▸ **Requirement**: Below are records; transcribe only the line with "And now the shelving" and those after it, through the last line, without any change.

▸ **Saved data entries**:

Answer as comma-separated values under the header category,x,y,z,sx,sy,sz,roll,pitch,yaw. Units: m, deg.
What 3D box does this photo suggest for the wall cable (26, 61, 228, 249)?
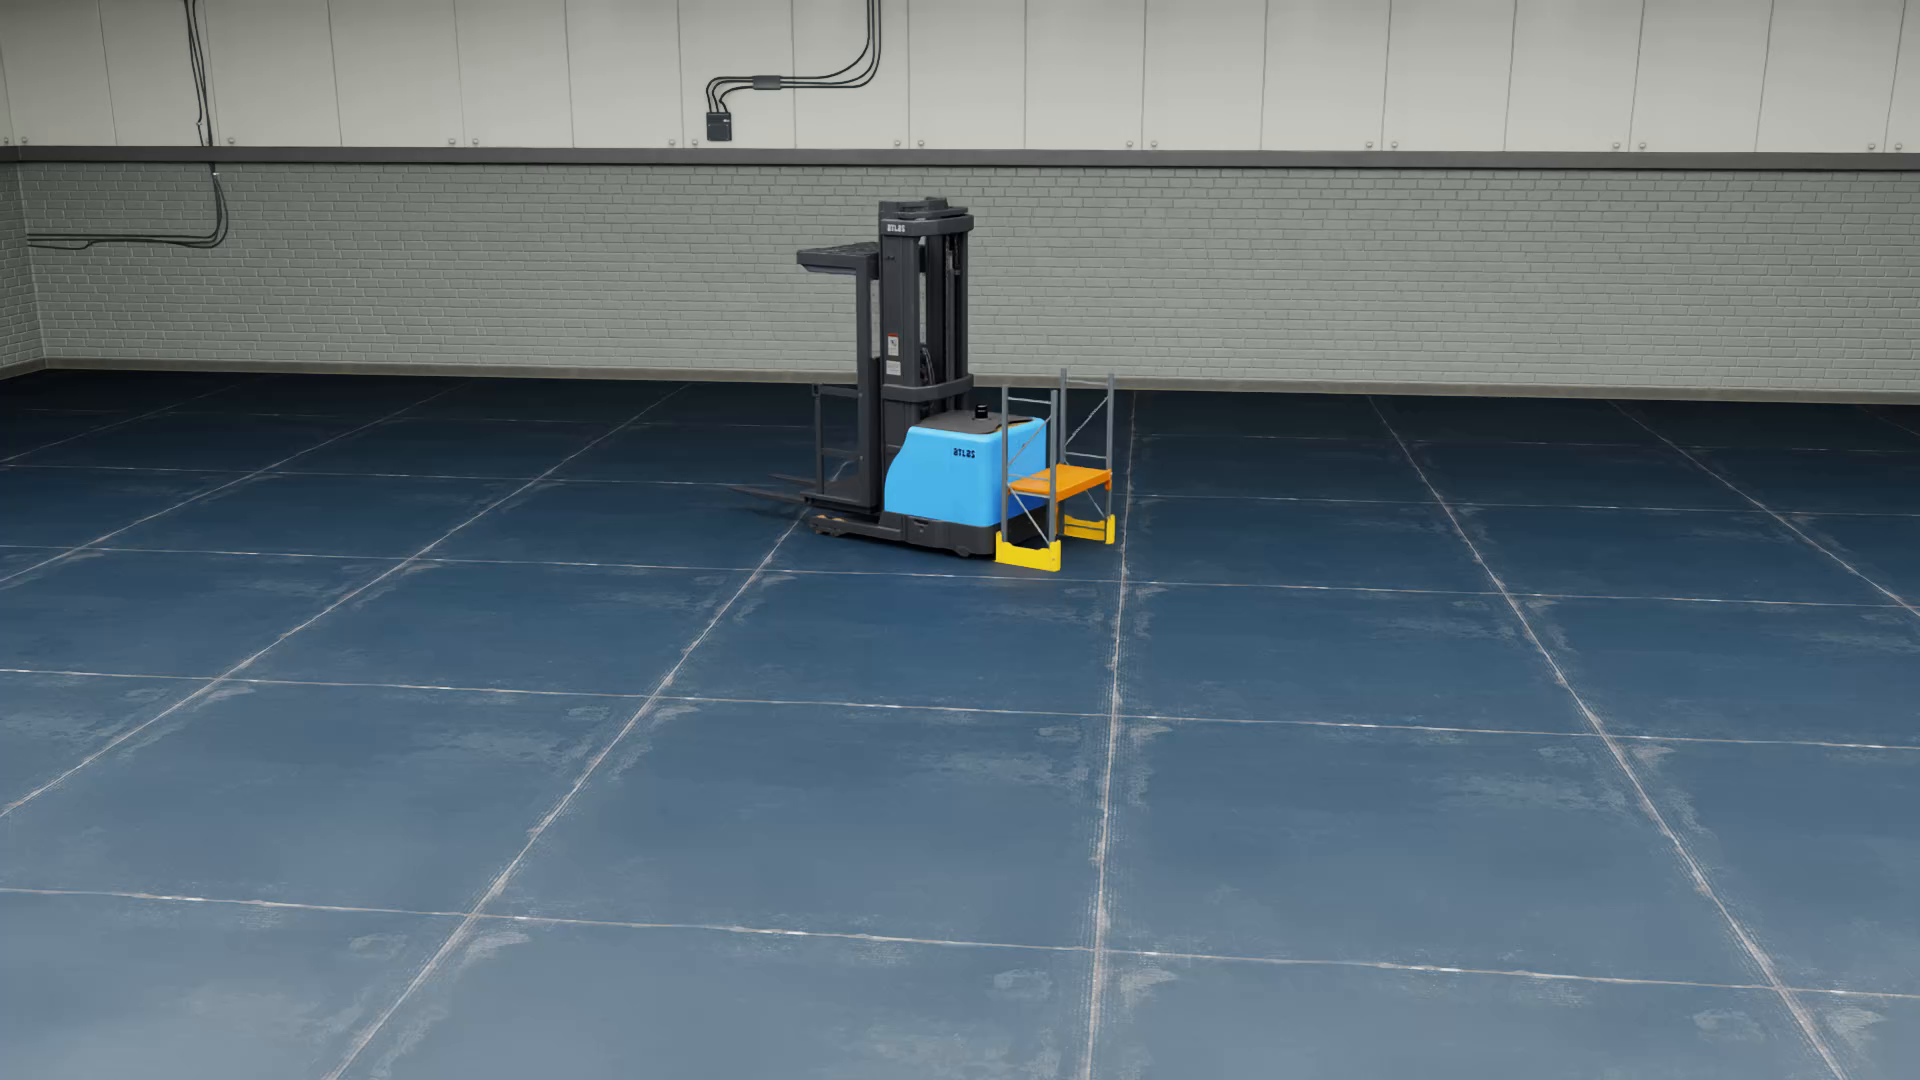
category,x,y,z,sx,sy,sz,roll,pitch,yaw
wall cable,-11.587,-5.242,22.757,3.097,2.526,0.112,2,15,6

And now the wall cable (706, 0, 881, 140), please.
category,x,y,z,sx,sy,sz,roll,pitch,yaw
wall cable,-2.156,-8.099,20.859,2.305,6.003,0.169,2,15,6

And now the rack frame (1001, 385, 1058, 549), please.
category,x,y,z,sx,sy,sz,roll,pitch,yaw
rack frame,0.563,-0.509,13.672,0.500,1.500,0.032,9,18,30

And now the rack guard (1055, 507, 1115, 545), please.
category,x,y,z,sx,sy,sz,roll,pitch,yaw
rack guard,1.087,-0.128,14.655,0.587,0.250,0.087,9,18,30

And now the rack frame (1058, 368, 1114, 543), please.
category,x,y,z,sx,sy,sz,roll,pitch,yaw
rack frame,1.097,-0.735,14.508,0.500,1.500,0.032,9,18,30

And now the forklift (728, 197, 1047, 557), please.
category,x,y,z,sx,sy,sz,roll,pitch,yaw
forklift,-0.745,-1.546,14.763,3.031,2.935,1.130,10,18,33

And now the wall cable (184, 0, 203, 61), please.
category,x,y,z,sx,sy,sz,roll,pitch,yaw
wall cable,-8.899,-7.600,21.803,3.097,2.526,0.112,2,15,6

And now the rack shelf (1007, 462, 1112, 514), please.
category,x,y,z,sx,sy,sz,roll,pitch,yaw
rack shelf,0.830,-0.449,14.137,0.538,0.185,1.000,9,18,30

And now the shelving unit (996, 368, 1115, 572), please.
category,x,y,z,sx,sy,sz,roll,pitch,yaw
shelving unit,0.825,-0.620,14.083,0.587,1.500,1.083,9,18,30

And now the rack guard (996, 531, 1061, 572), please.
category,x,y,z,sx,sy,sz,roll,pitch,yaw
rack guard,0.564,0.094,13.837,0.587,0.250,0.087,9,18,30

▸ **Output for this task**:
And now the shelving unit (996, 368, 1115, 572), please.
category,x,y,z,sx,sy,sz,roll,pitch,yaw
shelving unit,0.825,-0.620,14.083,0.587,1.500,1.083,9,18,30

And now the rack guard (996, 531, 1061, 572), please.
category,x,y,z,sx,sy,sz,roll,pitch,yaw
rack guard,0.564,0.094,13.837,0.587,0.250,0.087,9,18,30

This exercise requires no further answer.